SQL Server Management Studio unfortunately doesn't offer much in this way.
You should have a serious look at some of the excellent commercial offerings out there:
Red Gate Software's SQL Compare and SQL Data Compare - excellent tools, highly recommended! You can even compare a live database against a backup from another database and synchronize the data - pretty nifty!
ApexSQL's SQL Diff and SQL Data Diff
They all cost money - but if you're serious about it, and you use them in your daily routine, they're paid for in no time at all - well worth every dime.
The only "free" option you have in SQL Server 2008 would be to create a link between the two servers and then use something like the MERGE statement (new in SQL Server 2008) to transfer the data. That doesn't work for structural changes, and it's limited only to having a live connection between the two servers.
You should definitely read up on transactional replication. It sounds like a good fit for the situation you've described. Here are a few links to get you started.
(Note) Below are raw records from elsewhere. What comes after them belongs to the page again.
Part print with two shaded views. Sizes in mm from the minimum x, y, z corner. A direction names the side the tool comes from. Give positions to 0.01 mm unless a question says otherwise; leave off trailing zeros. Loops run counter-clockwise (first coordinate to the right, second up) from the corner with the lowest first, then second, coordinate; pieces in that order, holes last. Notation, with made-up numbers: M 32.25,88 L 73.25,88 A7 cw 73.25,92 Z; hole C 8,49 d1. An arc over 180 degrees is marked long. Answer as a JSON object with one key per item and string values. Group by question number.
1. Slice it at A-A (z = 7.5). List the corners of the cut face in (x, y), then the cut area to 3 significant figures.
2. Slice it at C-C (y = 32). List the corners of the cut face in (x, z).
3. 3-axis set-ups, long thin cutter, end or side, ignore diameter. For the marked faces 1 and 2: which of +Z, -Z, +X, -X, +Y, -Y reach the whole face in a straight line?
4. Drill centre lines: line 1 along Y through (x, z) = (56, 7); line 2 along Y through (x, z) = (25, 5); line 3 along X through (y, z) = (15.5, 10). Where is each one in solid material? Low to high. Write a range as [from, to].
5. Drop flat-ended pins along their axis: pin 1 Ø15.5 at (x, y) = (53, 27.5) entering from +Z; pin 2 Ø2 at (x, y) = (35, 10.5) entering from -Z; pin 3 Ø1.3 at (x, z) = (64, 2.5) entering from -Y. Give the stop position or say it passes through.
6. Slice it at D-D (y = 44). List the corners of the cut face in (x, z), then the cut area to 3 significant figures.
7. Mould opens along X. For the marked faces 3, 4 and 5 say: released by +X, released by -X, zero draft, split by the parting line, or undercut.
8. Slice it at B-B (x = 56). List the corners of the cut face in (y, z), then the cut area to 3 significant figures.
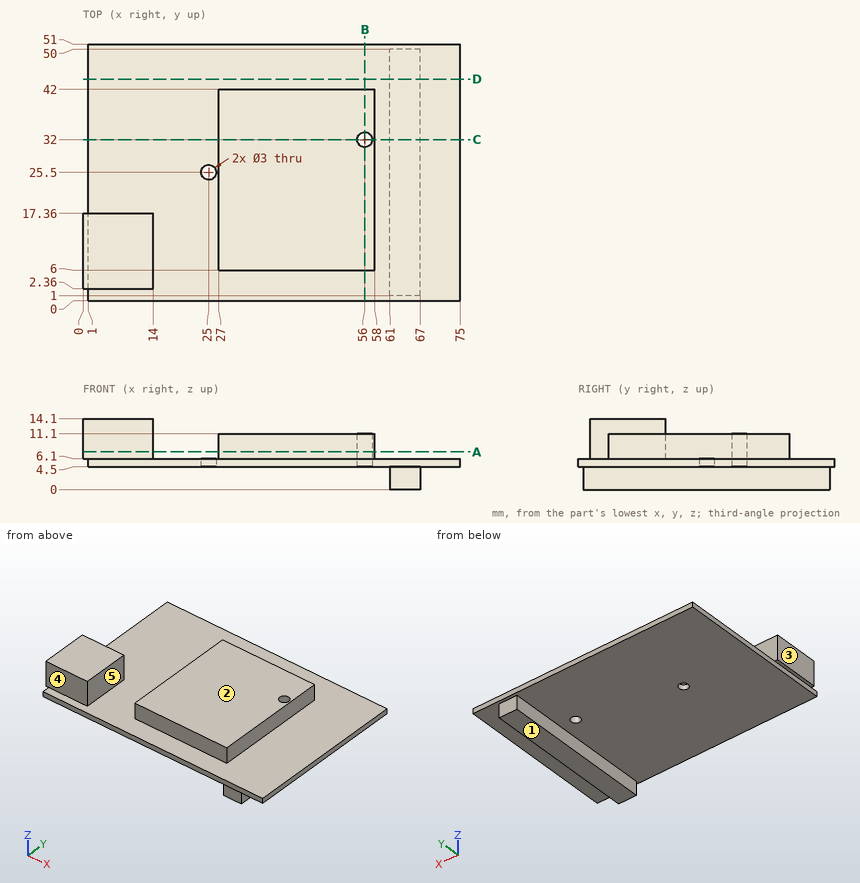
Established:
{
 "1": {"outline": "M 0,2.36 L 14,2.36 L 14,17.36 L 0,17.36 Z; M 27,6 L 58,6 L 58,42 L 27,42 Z; hole C 56,32 d3", "area": "1,320 mm^2"},
 "2": {"outline": "M 1,4.5 L 54.5,4.5 L 54.5,11.1 L 27,11.1 L 27,6.1 L 1,6.1 Z; M 57.5,4.5 L 61,4.5 L 61,0 L 67,0 L 67,4.5 L 75,4.5 L 75,6.1 L 58,6.1 L 58,11.1 L 57.5,11.1 Z"},
 "3": {"face 1": "-Z, +X, -X, +Y, -Y", "face 2": "+Z, +X, +Y, -Y"},
 "4": {"line 1": "y = [6, 30.5], [33.5, 42]", "line 2": "y = [0, 24], [27, 51]", "line 3": "x = [0, 14], [27, 58]"},
 "5": {"pin 1": "stops at z = 11.1", "pin 2": "stops at z = 4.5", "pin 3": "stops at y = 1"},
 "6": {"outline": "M 1,4.5 L 61,4.5 L 61,0 L 67,0 L 67,4.5 L 75,4.5 L 75,6.1 L 1,6.1 Z", "area": "145 mm^2"},
 "7": {"face 3": "released by -X", "face 4": "zero draft", "face 5": "undercut"},
 "8": {"outline": "M 0,4.5 L 30.5,4.5 L 30.5,11.1 L 6,11.1 L 6,6.1 L 0,6.1 Z; M 33.5,4.5 L 51,4.5 L 51,6.1 L 42,6.1 L 42,11.1 L 33.5,11.1 Z", "area": "242 mm^2"}
}

How Transactional Replication
Works
How do I... Configure
transactional replication between two
SQL Server 2005 systems?
Performance Tuning SQL Server
Transactional Replication
What you want is Peer-to-Peer Transactional Replication, which allows data to be updated at both databases yet keep them in sync through a contiguous merge of changes. This is the closes match to what you want, but is a fairly costly option (requires Enterprise Edition on both sites). Another option is Bidirectional Transactional Replication, but since this requires also two EE licenses, I say that peer-to-peer is easier to deploy for the same money.
A more budget friendly option is Updatable Subscriptions for Transactional Replication, but updatable subscriptions are being deprecated and you'd bet your money on a loosing horse.
Another option is to use Merge Replication. And finally, for the cases when the 'local' database is quite mobile there is Sync Framework.
Note that all these options require some configuration and cooperation from the Company's server DB.
There are some excellent third party tools out there. For me, xSQL Data Compare has always done the trick. And because the comparisons are highly modifiable it is suitable for almost every data compare or data-synchronization scenario. Hope this helps!